» **Provided information**
--- START ---
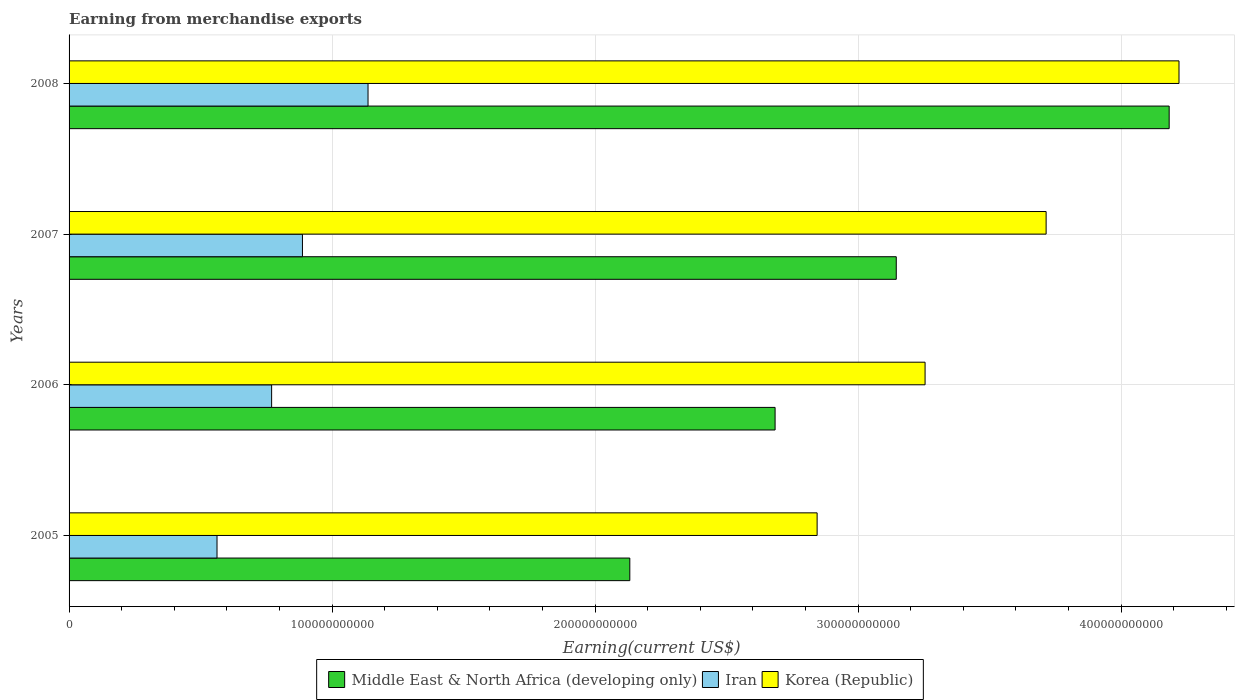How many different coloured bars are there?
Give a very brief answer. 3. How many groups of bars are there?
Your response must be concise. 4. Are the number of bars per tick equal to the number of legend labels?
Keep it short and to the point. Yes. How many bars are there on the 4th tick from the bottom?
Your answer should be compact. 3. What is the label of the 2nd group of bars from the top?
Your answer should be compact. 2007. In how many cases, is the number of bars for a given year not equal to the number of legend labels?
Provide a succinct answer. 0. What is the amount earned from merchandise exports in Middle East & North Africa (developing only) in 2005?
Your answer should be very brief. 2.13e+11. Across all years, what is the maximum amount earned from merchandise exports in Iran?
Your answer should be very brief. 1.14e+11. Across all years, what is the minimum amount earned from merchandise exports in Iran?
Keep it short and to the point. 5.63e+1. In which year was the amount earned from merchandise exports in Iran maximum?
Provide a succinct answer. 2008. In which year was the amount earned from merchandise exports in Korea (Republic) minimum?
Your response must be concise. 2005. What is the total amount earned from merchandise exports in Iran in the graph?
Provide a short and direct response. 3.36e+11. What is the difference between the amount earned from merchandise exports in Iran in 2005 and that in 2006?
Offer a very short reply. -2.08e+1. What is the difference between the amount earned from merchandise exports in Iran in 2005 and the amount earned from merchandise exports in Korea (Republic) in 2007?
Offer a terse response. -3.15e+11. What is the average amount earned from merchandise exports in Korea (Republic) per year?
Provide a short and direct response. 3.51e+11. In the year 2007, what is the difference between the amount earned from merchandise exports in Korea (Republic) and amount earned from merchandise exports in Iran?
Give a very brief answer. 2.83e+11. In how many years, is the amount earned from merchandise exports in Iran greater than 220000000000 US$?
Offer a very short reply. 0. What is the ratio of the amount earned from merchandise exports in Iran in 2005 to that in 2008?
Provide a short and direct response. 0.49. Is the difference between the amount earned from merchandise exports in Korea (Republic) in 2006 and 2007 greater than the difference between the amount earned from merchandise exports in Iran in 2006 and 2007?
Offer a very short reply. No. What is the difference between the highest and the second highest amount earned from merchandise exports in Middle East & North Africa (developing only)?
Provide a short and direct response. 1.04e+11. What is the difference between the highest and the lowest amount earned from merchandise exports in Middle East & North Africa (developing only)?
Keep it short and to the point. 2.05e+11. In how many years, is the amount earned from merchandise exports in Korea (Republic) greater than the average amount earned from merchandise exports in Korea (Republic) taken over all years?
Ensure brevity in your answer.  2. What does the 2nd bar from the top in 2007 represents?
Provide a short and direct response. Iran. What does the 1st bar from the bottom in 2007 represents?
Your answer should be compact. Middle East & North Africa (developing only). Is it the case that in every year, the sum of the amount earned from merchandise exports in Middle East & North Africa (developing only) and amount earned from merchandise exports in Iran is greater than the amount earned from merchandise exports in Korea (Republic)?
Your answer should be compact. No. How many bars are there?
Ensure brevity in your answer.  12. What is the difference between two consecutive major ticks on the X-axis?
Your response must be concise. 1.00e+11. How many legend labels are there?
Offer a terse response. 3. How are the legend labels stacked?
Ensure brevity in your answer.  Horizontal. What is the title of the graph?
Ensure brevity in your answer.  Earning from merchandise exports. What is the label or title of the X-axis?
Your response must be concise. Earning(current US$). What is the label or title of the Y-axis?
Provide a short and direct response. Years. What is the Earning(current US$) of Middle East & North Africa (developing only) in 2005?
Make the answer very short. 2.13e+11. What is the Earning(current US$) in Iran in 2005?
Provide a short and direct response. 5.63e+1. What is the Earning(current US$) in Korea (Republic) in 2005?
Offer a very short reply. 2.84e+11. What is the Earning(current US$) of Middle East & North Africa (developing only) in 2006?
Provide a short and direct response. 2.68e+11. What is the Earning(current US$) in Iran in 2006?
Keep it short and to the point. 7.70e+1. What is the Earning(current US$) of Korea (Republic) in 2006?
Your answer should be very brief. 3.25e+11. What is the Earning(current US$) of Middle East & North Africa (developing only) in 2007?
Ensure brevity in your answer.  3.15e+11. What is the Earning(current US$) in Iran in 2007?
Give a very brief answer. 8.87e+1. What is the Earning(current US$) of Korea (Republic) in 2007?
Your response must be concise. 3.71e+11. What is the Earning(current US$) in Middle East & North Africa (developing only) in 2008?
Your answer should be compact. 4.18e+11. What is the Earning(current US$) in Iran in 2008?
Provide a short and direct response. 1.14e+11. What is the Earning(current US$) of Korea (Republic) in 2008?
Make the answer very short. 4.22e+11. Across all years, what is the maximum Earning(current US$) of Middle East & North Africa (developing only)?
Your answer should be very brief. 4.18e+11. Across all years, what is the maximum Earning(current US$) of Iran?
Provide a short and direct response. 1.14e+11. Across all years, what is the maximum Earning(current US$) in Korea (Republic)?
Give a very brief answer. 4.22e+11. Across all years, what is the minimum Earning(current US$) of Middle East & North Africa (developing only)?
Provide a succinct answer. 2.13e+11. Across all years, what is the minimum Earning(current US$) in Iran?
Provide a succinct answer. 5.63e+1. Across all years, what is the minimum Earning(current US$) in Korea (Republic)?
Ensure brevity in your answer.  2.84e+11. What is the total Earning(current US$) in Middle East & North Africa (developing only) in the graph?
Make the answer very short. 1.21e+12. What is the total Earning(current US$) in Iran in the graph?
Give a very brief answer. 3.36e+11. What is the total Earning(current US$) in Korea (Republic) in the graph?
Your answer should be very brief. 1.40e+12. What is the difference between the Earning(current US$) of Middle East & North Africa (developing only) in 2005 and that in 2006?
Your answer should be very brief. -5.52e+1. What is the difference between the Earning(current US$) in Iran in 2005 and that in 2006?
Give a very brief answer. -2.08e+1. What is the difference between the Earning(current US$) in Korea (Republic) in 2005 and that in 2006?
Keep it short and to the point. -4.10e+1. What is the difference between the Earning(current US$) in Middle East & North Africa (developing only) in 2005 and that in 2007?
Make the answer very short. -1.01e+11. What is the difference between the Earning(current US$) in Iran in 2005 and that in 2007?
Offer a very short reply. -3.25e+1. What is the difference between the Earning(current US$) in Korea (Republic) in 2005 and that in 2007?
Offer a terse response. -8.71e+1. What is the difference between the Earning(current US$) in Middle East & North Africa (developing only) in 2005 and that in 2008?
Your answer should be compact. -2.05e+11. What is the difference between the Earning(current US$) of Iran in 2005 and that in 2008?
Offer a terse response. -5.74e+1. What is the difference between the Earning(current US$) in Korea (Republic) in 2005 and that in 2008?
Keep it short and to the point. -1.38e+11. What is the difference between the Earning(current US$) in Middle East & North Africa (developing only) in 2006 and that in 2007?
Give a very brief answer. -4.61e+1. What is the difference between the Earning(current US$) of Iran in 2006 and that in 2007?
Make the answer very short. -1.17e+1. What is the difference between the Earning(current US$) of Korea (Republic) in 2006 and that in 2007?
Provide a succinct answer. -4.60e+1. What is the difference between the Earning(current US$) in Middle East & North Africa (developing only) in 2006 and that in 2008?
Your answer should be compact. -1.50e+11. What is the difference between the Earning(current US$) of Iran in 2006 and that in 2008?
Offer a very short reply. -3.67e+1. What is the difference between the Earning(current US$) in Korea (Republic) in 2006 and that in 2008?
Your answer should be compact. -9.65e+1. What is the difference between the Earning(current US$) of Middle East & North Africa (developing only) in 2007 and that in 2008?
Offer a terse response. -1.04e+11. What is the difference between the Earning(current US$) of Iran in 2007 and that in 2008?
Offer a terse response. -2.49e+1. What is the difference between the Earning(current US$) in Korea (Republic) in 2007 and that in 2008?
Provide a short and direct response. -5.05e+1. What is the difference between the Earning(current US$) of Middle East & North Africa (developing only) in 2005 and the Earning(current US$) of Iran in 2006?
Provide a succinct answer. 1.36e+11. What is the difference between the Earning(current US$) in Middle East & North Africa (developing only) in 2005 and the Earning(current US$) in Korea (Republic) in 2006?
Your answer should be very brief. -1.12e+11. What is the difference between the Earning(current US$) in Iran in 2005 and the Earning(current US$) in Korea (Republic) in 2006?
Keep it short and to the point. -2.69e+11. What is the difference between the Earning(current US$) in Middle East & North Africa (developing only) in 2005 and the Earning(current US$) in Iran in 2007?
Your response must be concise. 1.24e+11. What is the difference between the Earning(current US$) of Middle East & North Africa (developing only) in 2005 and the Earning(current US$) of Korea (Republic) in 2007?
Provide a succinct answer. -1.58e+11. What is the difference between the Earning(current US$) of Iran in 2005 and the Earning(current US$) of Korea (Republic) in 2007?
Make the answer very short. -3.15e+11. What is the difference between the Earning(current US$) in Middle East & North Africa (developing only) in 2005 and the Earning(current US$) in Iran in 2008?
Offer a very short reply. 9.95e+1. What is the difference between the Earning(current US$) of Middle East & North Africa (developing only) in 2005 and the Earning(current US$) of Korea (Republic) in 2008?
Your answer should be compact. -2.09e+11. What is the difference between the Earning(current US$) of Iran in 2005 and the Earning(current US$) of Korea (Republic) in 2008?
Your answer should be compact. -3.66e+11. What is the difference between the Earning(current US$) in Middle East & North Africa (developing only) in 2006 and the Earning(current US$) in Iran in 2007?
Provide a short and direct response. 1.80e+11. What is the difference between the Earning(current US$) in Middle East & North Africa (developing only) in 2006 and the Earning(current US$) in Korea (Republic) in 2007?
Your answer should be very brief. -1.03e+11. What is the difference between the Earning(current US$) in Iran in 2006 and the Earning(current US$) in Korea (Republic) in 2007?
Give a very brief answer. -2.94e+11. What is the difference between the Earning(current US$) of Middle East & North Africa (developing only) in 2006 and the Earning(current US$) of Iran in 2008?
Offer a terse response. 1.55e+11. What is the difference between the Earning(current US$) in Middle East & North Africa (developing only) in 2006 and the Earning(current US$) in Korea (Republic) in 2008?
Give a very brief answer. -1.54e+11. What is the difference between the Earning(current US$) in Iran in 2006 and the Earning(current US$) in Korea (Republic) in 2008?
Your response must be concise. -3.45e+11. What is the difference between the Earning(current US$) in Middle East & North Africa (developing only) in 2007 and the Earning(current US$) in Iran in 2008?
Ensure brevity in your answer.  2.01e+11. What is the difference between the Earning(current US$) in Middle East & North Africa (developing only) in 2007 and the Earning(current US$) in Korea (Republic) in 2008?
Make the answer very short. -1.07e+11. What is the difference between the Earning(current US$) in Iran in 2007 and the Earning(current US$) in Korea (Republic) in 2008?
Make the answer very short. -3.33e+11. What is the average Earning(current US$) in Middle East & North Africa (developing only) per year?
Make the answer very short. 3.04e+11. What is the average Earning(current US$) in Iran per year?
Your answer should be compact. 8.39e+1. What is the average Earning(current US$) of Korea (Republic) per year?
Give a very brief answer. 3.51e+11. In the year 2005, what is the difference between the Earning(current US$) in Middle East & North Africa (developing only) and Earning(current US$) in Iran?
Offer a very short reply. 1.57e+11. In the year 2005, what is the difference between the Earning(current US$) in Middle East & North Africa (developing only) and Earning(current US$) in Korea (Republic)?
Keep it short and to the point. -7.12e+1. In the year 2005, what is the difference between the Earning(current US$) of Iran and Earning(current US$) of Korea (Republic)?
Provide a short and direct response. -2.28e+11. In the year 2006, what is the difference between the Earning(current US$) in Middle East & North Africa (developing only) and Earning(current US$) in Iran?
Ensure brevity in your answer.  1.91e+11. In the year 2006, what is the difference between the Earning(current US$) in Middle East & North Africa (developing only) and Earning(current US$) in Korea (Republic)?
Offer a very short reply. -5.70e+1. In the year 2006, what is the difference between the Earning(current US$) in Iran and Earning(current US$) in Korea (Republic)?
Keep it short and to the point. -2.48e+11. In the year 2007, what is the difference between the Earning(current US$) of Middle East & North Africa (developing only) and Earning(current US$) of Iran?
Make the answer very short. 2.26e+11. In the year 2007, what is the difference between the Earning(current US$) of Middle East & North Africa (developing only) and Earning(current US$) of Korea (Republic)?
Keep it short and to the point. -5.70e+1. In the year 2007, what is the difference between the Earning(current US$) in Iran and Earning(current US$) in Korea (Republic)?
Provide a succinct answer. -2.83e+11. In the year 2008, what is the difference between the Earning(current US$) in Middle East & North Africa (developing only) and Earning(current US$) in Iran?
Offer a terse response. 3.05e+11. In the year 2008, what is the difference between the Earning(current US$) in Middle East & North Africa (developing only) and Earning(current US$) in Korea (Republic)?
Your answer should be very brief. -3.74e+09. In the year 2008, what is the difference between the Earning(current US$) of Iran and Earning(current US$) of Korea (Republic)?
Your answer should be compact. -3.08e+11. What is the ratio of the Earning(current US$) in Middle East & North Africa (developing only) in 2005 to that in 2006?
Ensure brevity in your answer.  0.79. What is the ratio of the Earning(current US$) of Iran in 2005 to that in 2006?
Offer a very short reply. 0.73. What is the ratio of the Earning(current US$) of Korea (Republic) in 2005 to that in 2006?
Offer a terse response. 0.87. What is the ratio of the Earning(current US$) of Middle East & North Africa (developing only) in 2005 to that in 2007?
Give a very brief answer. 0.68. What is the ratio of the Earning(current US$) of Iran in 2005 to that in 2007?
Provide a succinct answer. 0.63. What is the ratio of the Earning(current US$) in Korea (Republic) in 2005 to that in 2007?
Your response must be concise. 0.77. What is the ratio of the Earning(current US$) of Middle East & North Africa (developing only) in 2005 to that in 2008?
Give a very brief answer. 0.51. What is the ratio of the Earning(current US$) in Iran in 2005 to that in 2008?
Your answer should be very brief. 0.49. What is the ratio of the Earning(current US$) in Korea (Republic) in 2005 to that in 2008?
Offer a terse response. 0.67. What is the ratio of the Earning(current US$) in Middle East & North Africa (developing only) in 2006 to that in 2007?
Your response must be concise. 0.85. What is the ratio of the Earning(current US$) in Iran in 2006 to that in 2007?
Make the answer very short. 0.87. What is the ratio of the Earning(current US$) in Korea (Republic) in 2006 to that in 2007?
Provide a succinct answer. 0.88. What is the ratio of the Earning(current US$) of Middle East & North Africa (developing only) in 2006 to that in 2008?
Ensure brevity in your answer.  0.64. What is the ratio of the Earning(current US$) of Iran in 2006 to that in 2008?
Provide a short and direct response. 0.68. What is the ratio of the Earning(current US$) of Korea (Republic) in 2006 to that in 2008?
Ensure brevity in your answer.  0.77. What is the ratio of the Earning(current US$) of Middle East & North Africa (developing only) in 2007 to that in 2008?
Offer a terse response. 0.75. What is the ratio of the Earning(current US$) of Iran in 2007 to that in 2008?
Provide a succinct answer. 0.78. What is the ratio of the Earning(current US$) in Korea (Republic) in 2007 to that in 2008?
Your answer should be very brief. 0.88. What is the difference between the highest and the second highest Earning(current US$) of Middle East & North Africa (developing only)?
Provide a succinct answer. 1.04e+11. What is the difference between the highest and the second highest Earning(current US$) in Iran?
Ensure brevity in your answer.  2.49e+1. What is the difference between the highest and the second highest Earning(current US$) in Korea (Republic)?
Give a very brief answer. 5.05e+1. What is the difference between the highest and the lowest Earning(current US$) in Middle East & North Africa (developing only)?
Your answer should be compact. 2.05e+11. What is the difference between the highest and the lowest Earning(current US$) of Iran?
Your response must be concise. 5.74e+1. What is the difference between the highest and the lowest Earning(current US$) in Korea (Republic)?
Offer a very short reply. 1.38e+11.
--- END ---
» **Exercise aim**
Up to and including the line containing "Your answer should be compact. 2007.", quote each line of the entries above from the very first, please, exactly and without images.

» **The completed task**
How many different coloured bars are there?
Give a very brief answer. 3. How many groups of bars are there?
Your response must be concise. 4. Are the number of bars per tick equal to the number of legend labels?
Keep it short and to the point. Yes. How many bars are there on the 4th tick from the bottom?
Your answer should be compact. 3. What is the label of the 2nd group of bars from the top?
Your answer should be compact. 2007. In how many cases, is the number of bars for a given year not equal to the number of legend labels?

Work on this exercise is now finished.